Brahmacharya. This is one of the stickier of yoga’s yamas, or ethical guidelines. Either it doesn’t resonate with those it is presented to, or it poses too much of a boundary, or it hoovers in the ether as this elusive, misunderstood force. Even the literature on the yamas translates the term inconsistently! You can find brahmacharya described as the following:
Non-excess. Moderation of the senses. Abstinence. Non-indulgence. Celibacy. Maintenance of vitality.
Directly translated, brahmacharya means “on the path of the Brahman.” A brahman is the divine, or the soul. In this sense, this yama encourages us to walk in God’s consciousness. Except, what exactly does that mean?
It wasn’t until I happened to flip open to Sri K. Pattabhi Jois’ discussion of the yamas in his Yoga Mala that I found a perspective that truly resonated with me. In alignment with other translations, Guruji did acknowledge the moderation of behaviors like sexual activity and indulgence in order to maintain one’s vitality. However, he identified this practice as extending past the retention of sexual urges. It got me thinking about brahmacharya not as abstinence, but as right use of energy.
Much better. Sometimes, vocabulary can make all the difference. When we hone in on the right use of energy, we honor the sacred space we were given for our souls to inhabit.
Perhaps you catch yourself relying on your phone too much. Perhaps you got lost in a newly-in-love haze. Perhaps you overextended for friends. Perhaps you ate too much. Perhaps you are overly focused on sex.
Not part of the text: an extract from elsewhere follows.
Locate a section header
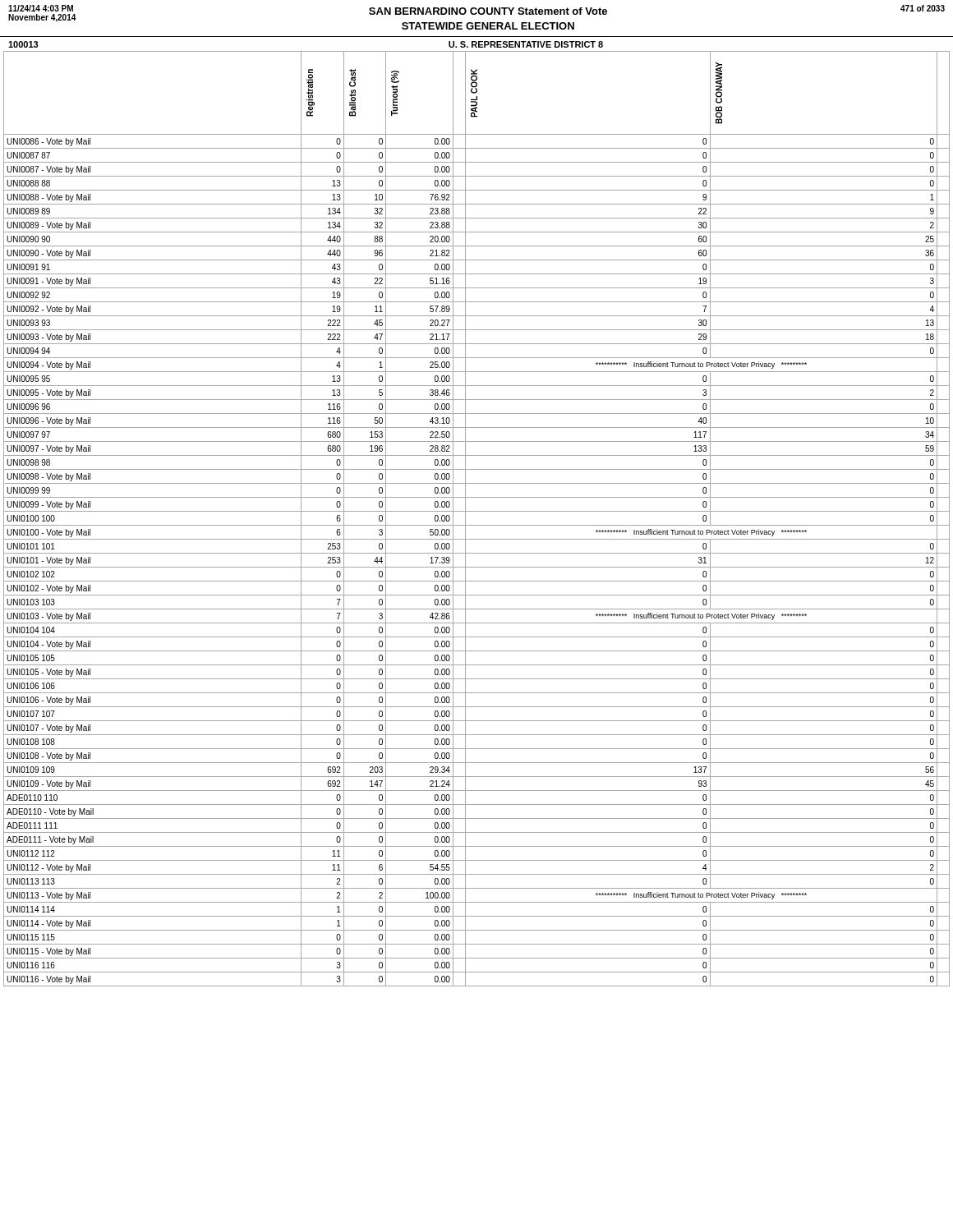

Take note: there is absolutely nothing wrong with any of these things. In fact, it is totally normal for them to occur in your life. We are here to experience!
It is when we attach to any form of excess as a way to achieve a sense of satisfaction-as though we are not enough without it-that brahmacharya steps in to remind you of its nature. When we overindulge or give ourselves in excess, we compromise our ability to fully connect with ourselves and each other. We compromise our ability to fully embody who we are. We compromise our ability to take rest.
This is where brahmacharya can mean stepping back. If sex is overpowering you, take a break. If you have overindulged on rich foods, try a juice fast, or, simply incorporate more fruits and vegetables. Learn the best method to reign yourself back in toward your center. This will ask energy of you, too, which is great practice to move forward with the intention to use it rightly.
Excess can look different every day. Sometimes, stepping back can remind us of how simple it is to find something we enjoy. Like the smell of fresh linens, or being the first person to take a swipe out of that brand new jar of peanut butter. When we make space for centering, we start to appreciate the many abundant things just waiting for our presence.
You don’t have to get it right all the time, and it is okay to require moderation. Awareness and honoring are a practice. Brahmacharya simply asks that you take notice and take action.
- What was your gut reaction upon learning the term brahmacharya? Are there any areas of your life that light up to you?
- What are your natural beliefs about brahmacharya? Do they come from within?
- Are there activities that take you away from yourself, or that you rely on? What activities make you feel centered and honored?